Work instructions: How many lines in the data below have the string "high"? Reply with the number alone.

== Segment start ==

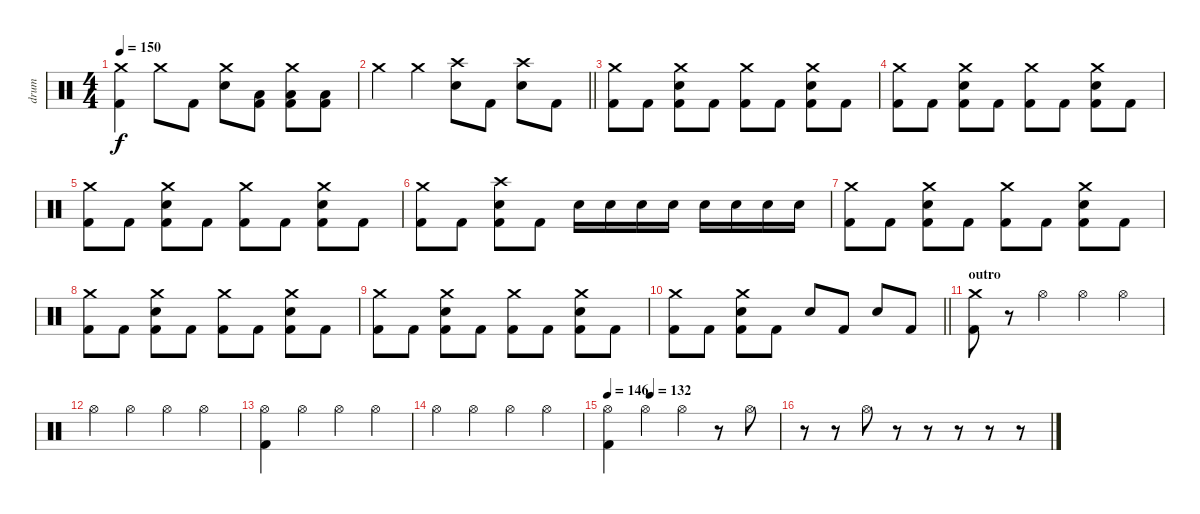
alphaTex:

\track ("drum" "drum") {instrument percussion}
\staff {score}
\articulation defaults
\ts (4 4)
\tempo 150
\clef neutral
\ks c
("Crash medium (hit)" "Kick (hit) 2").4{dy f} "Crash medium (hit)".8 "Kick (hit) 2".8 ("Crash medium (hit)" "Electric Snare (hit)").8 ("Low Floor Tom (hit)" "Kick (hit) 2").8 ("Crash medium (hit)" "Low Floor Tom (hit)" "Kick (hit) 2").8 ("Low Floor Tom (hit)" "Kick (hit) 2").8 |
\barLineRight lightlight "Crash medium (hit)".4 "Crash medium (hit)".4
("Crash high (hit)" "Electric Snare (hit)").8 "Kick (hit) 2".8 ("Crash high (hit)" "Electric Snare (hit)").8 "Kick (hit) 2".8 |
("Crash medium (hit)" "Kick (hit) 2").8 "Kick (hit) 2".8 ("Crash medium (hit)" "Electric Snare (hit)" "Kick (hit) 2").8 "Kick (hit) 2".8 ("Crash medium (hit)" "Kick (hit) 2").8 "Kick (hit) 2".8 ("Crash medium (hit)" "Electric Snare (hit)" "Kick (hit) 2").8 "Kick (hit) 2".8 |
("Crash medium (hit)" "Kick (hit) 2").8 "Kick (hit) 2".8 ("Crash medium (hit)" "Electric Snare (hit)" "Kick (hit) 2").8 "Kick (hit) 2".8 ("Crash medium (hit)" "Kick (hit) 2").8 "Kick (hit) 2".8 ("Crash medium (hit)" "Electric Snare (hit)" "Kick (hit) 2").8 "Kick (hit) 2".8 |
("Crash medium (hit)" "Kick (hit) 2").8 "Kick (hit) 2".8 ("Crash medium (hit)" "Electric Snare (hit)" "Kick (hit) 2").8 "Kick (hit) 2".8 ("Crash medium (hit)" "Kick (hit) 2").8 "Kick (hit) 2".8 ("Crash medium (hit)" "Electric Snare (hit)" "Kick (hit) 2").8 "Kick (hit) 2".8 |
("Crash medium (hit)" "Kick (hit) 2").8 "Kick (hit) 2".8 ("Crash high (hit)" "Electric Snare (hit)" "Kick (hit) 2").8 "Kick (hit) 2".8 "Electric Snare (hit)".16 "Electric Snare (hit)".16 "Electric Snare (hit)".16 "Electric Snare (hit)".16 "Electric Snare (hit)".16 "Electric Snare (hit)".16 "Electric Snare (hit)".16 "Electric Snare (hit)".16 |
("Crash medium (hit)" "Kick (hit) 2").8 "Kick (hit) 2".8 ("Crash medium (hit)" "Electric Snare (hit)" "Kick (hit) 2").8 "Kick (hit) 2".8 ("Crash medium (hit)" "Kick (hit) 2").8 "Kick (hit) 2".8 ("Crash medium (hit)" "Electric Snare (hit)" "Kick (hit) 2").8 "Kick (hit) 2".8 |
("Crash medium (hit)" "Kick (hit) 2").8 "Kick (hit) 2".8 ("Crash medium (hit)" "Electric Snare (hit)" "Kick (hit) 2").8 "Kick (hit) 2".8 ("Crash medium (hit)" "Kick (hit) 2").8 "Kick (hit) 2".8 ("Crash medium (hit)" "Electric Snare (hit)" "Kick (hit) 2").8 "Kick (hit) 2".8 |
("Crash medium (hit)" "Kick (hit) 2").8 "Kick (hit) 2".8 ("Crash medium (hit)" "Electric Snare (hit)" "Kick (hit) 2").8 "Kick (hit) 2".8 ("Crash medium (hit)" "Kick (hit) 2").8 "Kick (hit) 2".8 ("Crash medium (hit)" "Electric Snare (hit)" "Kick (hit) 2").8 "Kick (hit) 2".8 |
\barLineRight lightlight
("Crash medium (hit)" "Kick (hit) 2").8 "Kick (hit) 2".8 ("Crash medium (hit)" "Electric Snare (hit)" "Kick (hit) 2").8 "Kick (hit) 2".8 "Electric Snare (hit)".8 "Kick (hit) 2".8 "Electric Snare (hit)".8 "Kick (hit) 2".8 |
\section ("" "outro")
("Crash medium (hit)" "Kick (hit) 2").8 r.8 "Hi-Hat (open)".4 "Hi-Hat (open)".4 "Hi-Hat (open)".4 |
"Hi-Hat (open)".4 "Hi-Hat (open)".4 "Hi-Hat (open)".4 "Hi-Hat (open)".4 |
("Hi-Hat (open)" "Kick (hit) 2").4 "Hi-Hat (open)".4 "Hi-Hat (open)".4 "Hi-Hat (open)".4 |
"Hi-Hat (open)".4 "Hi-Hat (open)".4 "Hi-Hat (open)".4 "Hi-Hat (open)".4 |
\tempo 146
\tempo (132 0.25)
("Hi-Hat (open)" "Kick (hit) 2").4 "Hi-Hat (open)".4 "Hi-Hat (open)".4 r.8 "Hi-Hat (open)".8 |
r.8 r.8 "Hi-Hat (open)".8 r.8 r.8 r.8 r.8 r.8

== Segment end ==

Worked solution: 2